Records from a data collection:
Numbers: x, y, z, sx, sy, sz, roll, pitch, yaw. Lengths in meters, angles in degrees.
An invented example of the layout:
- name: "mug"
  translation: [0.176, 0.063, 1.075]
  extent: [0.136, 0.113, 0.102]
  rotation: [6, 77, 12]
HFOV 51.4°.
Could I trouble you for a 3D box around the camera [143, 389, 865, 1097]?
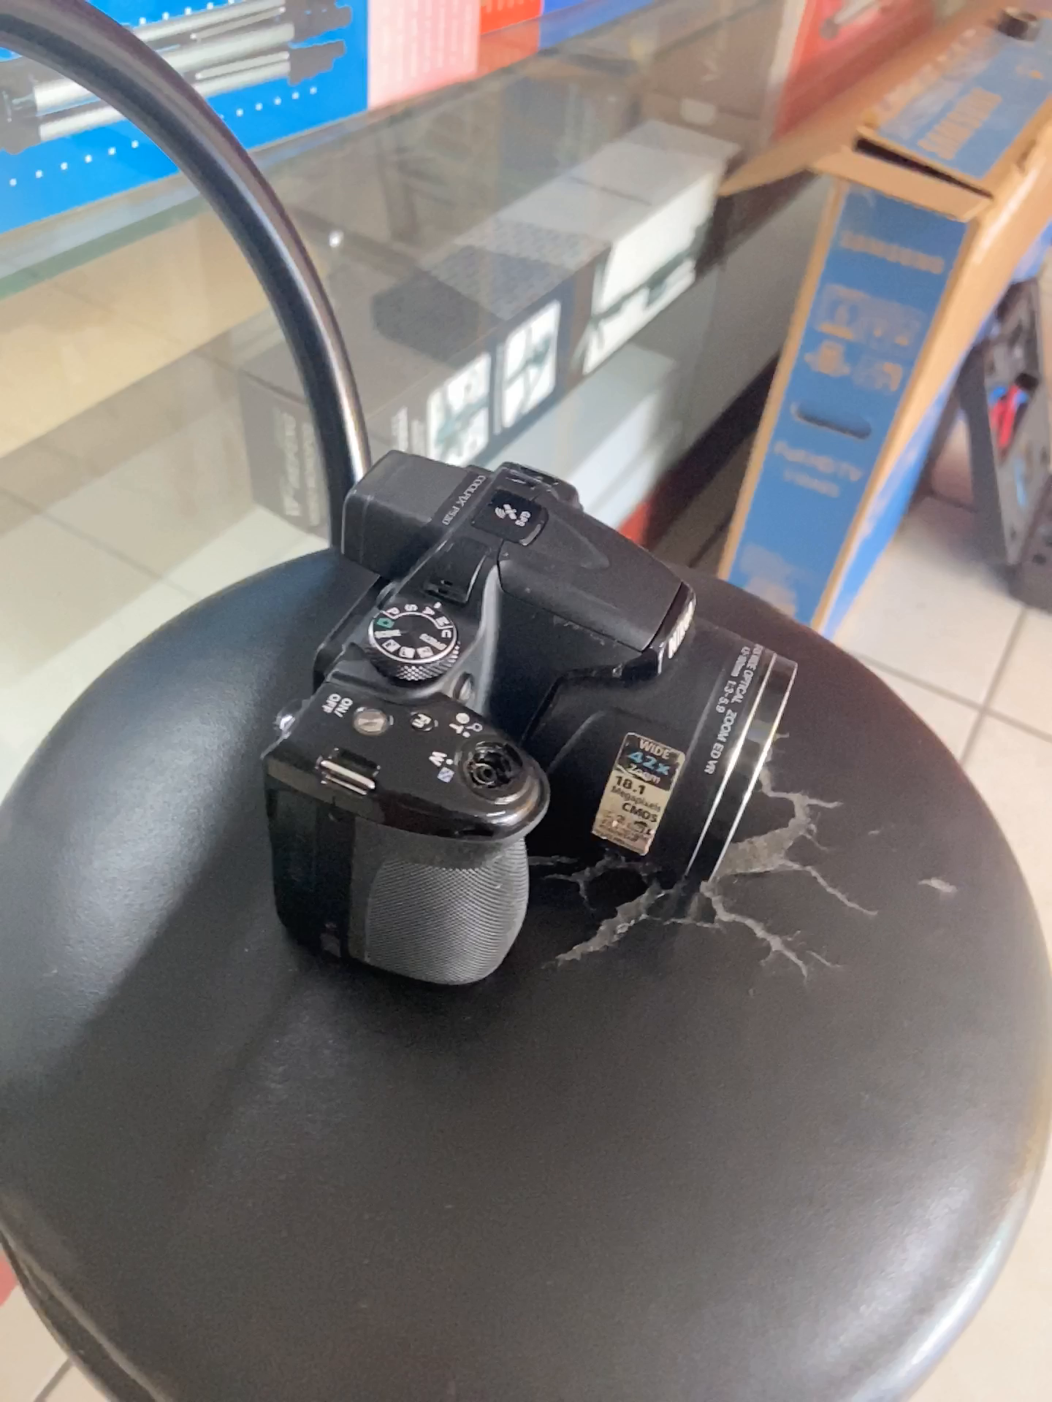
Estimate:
- name: "camera"
  translation: [0.002, 0.000, 0.269]
  extent: [0.120, 0.070, 0.131]
  rotation: [20, 47, 12]
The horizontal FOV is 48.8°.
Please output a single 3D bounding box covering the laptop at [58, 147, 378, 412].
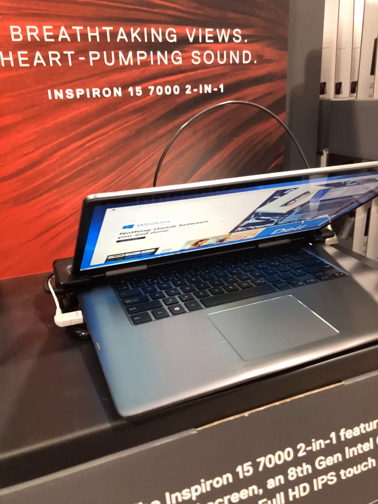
[{"bbox_3d":[0.068,-0.011,0.443,0.355,0.137,0.213,-10,23,-20],"label":"laptop"}]
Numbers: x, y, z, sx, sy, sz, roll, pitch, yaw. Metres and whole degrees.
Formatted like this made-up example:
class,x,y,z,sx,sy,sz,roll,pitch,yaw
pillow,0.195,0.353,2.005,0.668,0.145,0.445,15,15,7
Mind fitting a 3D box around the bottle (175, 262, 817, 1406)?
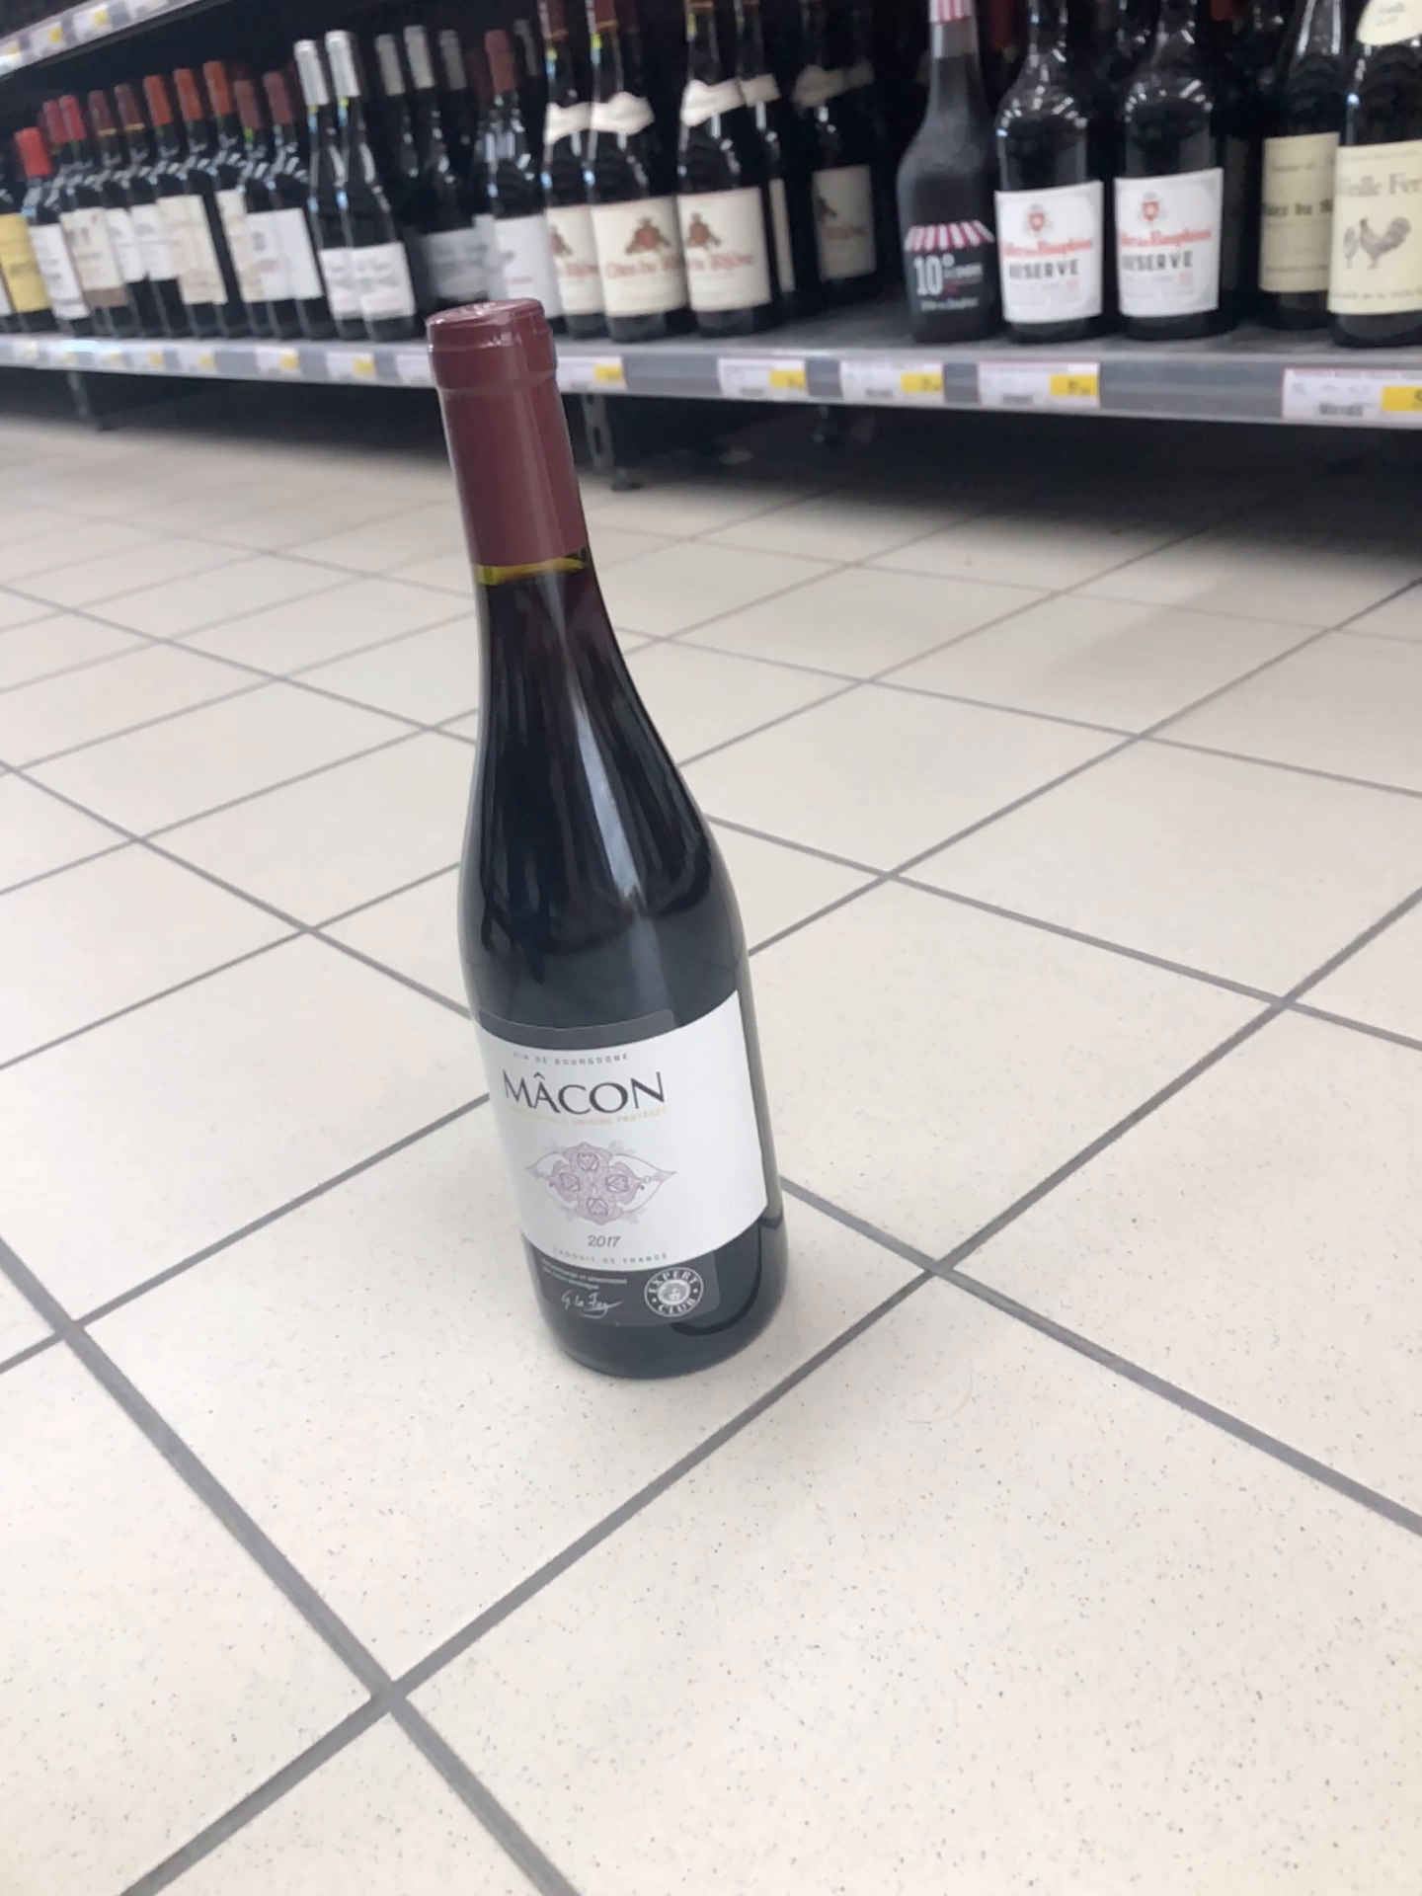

- **Requirement**
Output nothing but the entries above, exactly, once the pictures are removed.

- **Result of the task**
Numbers: x, y, z, sx, sy, sz, roll, pitch, yaw. Lengths in meters, angles in degrees.
An invented example of the layout:
- name: "mug"
  translation: [0.176, 0.063, 1.075]
  extent: [0.136, 0.113, 0.102]
  rotation: [6, 77, 12]
HFOV 51.4°.
Could I trouble you for a 3D box around the camera [143, 389, 865, 1097]?
Estimate:
- name: "camera"
  translation: [0.002, 0.000, 0.269]
  extent: [0.120, 0.070, 0.131]
  rotation: [20, 47, 12]
The horizontal FOV is 48.8°.
Please output a single 3D bounding box covering the laptop at [58, 147, 378, 412].
[{"bbox_3d":[0.068,-0.011,0.443,0.355,0.137,0.213,-10,23,-20],"label":"laptop"}]
Numbers: x, y, z, sx, sy, sz, roll, pitch, yaw. Metres and whole degrees.
Formatted like this made-up example:
class,x,y,z,sx,sy,sz,roll,pitch,yaw
pillow,0.195,0.353,2.005,0.668,0.145,0.445,15,15,7
Mind fitting a 3D box around the bottle (175, 262, 817, 1406)?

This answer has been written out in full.